## Source data
§ §
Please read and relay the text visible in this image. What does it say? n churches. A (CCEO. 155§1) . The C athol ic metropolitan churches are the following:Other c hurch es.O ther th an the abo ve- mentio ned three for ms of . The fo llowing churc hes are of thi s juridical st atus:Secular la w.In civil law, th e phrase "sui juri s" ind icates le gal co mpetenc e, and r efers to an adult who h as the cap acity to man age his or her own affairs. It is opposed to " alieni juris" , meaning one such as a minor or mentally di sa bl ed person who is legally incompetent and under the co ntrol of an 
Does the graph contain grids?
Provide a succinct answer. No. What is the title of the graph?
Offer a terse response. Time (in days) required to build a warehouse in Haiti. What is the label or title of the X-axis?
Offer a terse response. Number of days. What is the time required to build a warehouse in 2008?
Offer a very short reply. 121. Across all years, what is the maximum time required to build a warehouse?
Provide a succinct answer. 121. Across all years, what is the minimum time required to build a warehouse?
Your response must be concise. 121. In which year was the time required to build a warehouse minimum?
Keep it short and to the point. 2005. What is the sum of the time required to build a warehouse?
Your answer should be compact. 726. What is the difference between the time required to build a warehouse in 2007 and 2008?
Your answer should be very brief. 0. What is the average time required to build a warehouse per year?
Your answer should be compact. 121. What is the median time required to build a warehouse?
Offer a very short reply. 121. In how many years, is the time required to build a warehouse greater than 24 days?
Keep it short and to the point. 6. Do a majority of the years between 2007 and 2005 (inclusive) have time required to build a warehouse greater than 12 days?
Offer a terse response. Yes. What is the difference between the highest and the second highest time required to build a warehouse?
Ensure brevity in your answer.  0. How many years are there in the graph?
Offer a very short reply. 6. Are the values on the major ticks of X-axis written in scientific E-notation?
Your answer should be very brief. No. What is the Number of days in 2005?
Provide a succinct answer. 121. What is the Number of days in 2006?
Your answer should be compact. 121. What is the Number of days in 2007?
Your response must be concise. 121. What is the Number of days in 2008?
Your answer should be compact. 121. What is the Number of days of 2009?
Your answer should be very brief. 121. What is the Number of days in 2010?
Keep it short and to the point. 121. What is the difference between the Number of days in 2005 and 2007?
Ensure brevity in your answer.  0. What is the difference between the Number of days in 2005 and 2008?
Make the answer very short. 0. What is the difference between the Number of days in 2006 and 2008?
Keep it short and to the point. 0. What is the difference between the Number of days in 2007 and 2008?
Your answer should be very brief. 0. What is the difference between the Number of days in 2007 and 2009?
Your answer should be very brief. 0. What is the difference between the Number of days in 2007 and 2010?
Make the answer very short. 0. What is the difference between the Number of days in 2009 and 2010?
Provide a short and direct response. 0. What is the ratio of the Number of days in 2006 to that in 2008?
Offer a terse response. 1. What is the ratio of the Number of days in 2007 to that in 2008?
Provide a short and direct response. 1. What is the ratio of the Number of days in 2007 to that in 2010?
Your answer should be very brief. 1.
§ §
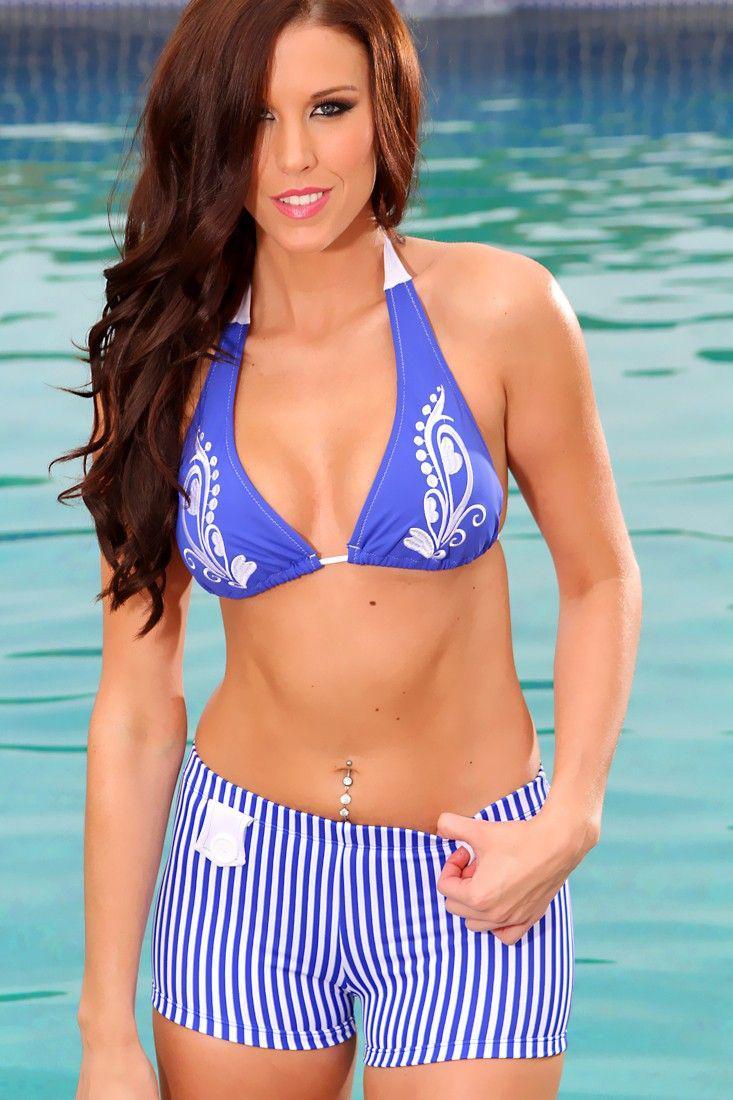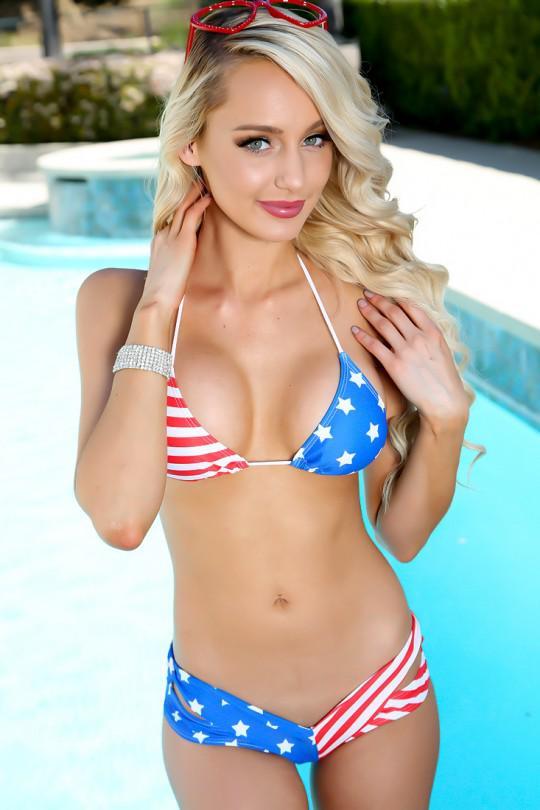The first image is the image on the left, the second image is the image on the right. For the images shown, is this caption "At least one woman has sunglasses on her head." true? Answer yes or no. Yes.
§ §
## Your goal
All that is wanted is the stretch of lines above from the one containing "Keep it short and to the point. 2005." through the one containing "Your answer should be compact. 121. What is the median", duplicated exactly.

## Answer to this exercise
Keep it short and to the point. 2005. What is the sum of the time required to build a warehouse?
Your answer should be compact. 726. What is the difference between the time required to build a warehouse in 2007 and 2008?
Your answer should be very brief. 0. What is the average time required to build a warehouse per year?
Your answer should be compact. 121. What is the median time required to build a warehouse?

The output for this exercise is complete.